Estávamos no ano de 1923.
Ainda no Campo da Atouguia, o Vitória dava os primeiros passos no desporto-rei, procurando encontrar oponentes que permitissem aos seus atletas aperfeiçoarem as suas capacidades.
Assim, em Junho de 1923, a equipa vimaranense recebeu os aveirenses do Vista Alegre, numa partida em que o Semanário A Razão deu nota na sua publicação de 24 de Junho desse ano. Refira-se que o jornal mencionado já tinha uma coluna denominada de "Crónica Sportiva", que naqueles tempos era uma inovação de realçar, atendendo ao facto do desporto não merecer o relevo dos dias de hoje e nem sequer existir qualquer publicação dessa índole.
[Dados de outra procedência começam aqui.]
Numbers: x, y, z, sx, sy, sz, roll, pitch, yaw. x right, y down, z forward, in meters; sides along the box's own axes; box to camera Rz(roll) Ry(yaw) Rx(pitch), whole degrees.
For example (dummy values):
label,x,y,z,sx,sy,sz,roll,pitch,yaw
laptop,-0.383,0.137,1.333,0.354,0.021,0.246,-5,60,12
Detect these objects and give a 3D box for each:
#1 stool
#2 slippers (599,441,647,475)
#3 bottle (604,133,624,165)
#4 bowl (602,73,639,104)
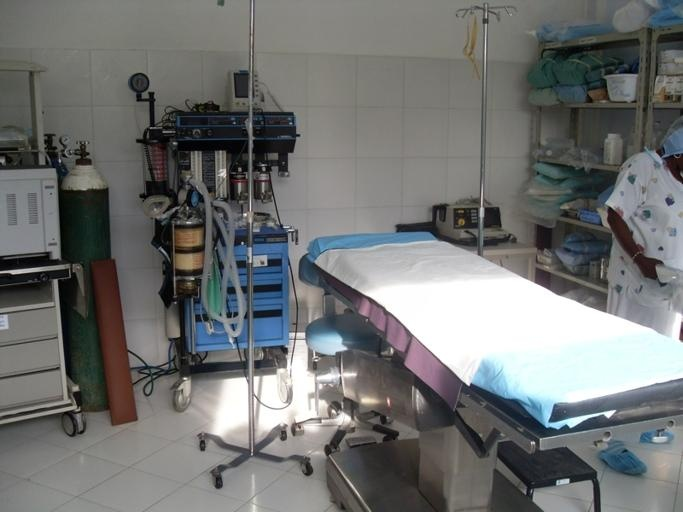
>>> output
label,x,y,z,sx,sy,sz,roll,pitch,yaw
stool,0.026,0.806,3.729,0.590,0.803,0.669,0,8,10
slippers,1.637,1.209,3.389,0.179,0.096,0.309,13,2,-14
bottle,1.991,-0.785,4.198,0.121,0.218,0.124,-3,12,1
bowl,1.924,-1.139,3.973,0.187,0.151,0.187,0,5,0
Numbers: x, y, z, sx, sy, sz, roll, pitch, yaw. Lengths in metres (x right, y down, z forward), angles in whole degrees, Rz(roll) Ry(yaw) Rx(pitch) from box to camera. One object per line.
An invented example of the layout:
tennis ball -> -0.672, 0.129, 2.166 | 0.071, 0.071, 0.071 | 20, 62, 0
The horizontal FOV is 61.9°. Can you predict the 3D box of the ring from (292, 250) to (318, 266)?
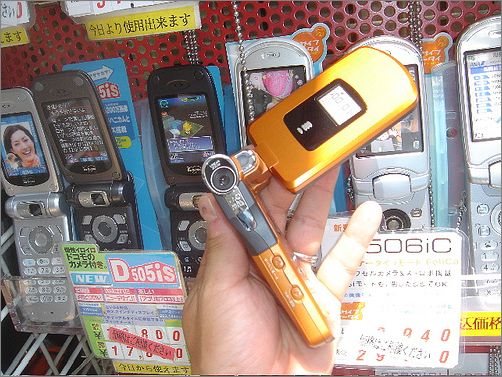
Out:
ring -> 0.200, 0.245, 1.519 | 0.082, 0.033, 0.064 | 3, -1, -5
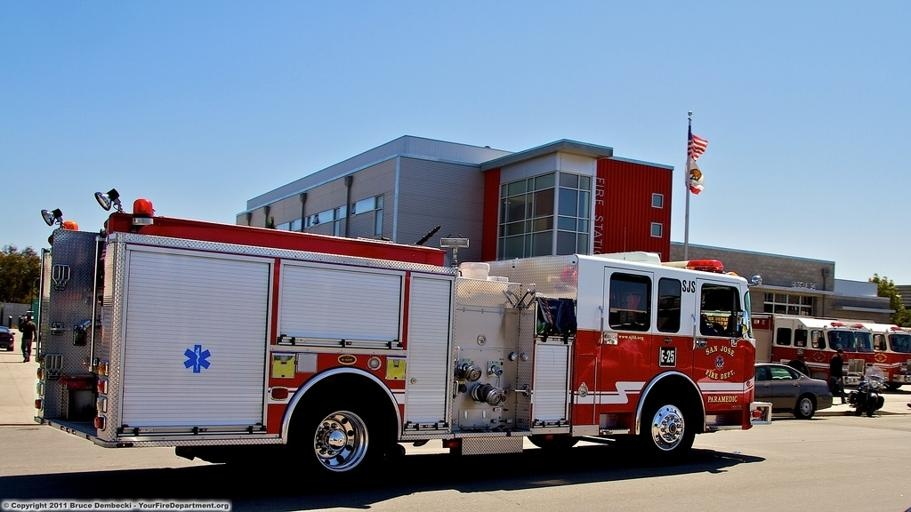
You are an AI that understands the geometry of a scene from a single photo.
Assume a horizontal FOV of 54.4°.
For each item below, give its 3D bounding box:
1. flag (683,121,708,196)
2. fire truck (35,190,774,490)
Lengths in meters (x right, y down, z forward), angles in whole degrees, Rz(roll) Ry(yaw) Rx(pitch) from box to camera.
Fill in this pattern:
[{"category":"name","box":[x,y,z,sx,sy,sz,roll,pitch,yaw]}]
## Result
[{"category":"flag","box":[9.260,-3.724,34.239,0.659,2.531,1.628,2,1,14]},{"category":"fire truck","box":[-0.306,1.727,18.996,15.464,4.320,3.498,2,1,-26]}]
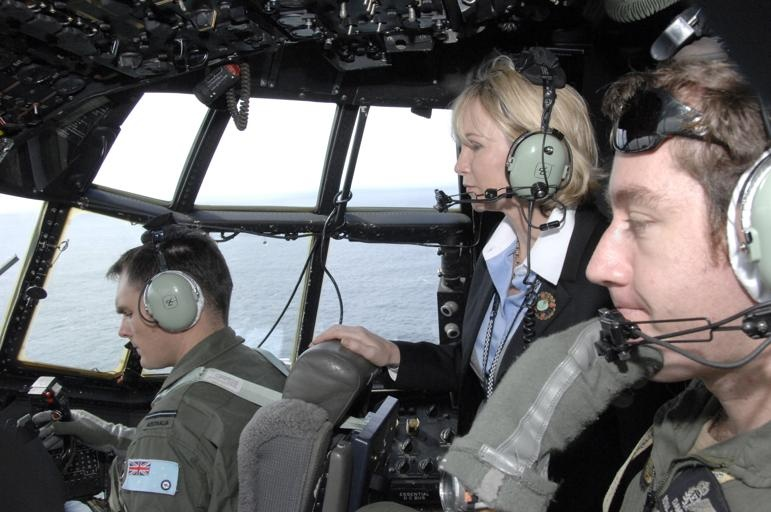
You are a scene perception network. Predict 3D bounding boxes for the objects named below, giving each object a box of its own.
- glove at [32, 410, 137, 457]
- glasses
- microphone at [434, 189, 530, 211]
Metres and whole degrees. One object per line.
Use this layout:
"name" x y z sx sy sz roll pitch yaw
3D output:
"glove" -1.717 0.961 3.543 0.334 0.165 0.460 -31 -63 26
"glasses" 0.697 -0.332 1.512 0.227 0.079 0.174 13 1 0
"microphone" 0.447 -0.268 2.704 0.350 0.093 0.190 -4 7 4

Porém, como escrevemos no título, seria uma partida polémica, já que a equipa da casa triunfou graças à desistência do adversário, não obstante "os rapazes do Victoria apresentaram-se numa forma magnífica, mostrando bem o valor que virá a ter este team quando bem treinado em conjunto."
Mas, "...perante a energia, ainda que correcta, dos homens do Victoria, deram uma triste ideia da sua educação desportiva, abandonando o campo, sem sequer esperar a decisão do árbitro..." sobre o caso que lhes causara insatisfação. Este passou pela indignação por causa de uma carga do vitoriano Artur ao guardião adversário, que levou a que o adversário aveirense deixasse o recinto. Abandono esse que causaria grande polémica, pois um jornal sediado em Aveiro, o Beira-Mar, escreveria que a equipa fê-lo em massa, quando a publicação vimaranense aqui consultada, afiançou que a mesma "...foi feita à formigo e com o protesto de alguns dos jogadores do Vista-Alegre."
Tal levaria a uma outra curiosa troca de argumentos, com um jornal, curiosamente, também, vimaranense, o Comércio de Guimarães que defendeu que tal acto impediu que este conjunto triunfasse na partida, enquanto o referido A Razão contrapunha que "...os rapazes do Victoria mostraram-se muito enérgicos e muito leaes (sic) e só a molesa (sic) dos seus adversários, molesa que chegou a ser enervante, foi a causa do abandono do campo." Para deitar mais achas parar uma fogueira que já ardia intensamente ainda era questionado "que fariam eles se lhes ficasse inutilisado (sic) como ficou Serra?"
Numa verdadeira escalada de palavras e trocas de acusações, a Razão de 10 de Julho de 1923, dava conta que um jornal de Ílhavo catalogou a partida como "... uma autêntica caça ao homem!!! e os nossos jogadores são apresentados como verdadeiros canibais." Como reconhece o periódico consultado, tal seria capaz, apenas, de ser encarado "... só à gargalhada...".
Porém, as supostas falsidades iriam mais longe, ao acusarem que um jogador da sua equipa estivera muitos minutos estendido no terreno a clamar por assistência. Contudo, "Houve realmente um jogador que esteve durante uns momentos estendido no campo, mas esse jogador que é o 1º Sargento Serra pertencia ao grupo do Victoria. Assim é que está certo."
Num verdadeiro chorrilho de mentiras, o jornal aveirense haveria de escrever que o capitão-geral do Vitória, de nome Dantas, pedira desculpas pela atitude dos seus colegas de equipa a um jogador da equipa adversária. Escrevia o jornal, todavia que "Tivemos a satisfação de ouvir o sr. Dantas dizer-nos que aquilo não era verdade, pois nunca ele foi pedir ao grupo da Vista Alegre desculpa pelas violências dos jogadores vimaranenses."
Por isso, era feito um apelo para "... que as agremiações sportivas vimaranenses nunca mais dêem ensejo a que grupos que nos visitem se possam queixar da maneira fria como foram recebidos."
Era uma das primeiras grandes polémicas em que o Vitória se via como interveniente... ainda que, como em tantas outras vezes, tivesse de lidar com a mentira destinada a tirar-lhe a razão.